> Input data:
=====
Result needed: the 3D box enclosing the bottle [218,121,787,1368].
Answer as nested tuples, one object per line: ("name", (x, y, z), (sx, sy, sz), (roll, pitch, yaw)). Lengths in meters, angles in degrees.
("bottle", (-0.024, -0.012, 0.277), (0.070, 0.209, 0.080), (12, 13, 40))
=====
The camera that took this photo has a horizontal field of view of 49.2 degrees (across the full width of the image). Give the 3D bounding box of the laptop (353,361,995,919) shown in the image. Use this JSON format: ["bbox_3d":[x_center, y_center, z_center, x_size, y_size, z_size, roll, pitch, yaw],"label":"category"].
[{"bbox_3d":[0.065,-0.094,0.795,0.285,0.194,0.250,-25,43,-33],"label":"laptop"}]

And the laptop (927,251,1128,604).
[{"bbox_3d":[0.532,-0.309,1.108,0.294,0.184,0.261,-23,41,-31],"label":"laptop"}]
=====
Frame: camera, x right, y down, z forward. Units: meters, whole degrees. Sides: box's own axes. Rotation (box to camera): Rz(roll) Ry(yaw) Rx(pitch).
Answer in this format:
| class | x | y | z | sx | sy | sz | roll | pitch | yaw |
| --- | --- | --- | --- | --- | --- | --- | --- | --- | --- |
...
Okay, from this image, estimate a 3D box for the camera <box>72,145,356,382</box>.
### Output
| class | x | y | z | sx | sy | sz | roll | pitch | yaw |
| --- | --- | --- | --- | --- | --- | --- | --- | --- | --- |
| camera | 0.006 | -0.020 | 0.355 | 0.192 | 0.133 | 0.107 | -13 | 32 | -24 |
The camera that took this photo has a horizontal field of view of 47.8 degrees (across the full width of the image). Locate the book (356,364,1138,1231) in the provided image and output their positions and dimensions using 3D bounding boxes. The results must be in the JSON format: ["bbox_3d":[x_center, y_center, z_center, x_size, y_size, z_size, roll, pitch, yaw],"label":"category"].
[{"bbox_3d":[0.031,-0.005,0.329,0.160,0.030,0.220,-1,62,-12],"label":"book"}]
=====
> What to work on: Would you quote everything above from the line containing "Frame: camera, x" down to the line containing "Okay, from this"? Include both of those lines and nothing else.

> Expected output:
Frame: camera, x right, y down, z forward. Units: meters, whole degrees. Sides: box's own axes. Rotation (box to camera): Rz(roll) Ry(yaw) Rx(pitch).
Answer in this format:
| class | x | y | z | sx | sy | sz | roll | pitch | yaw |
| --- | --- | --- | --- | --- | --- | --- | --- | --- | --- |
...
Okay, from this image, estimate a 3D box for the camera <box>72,145,356,382</box>.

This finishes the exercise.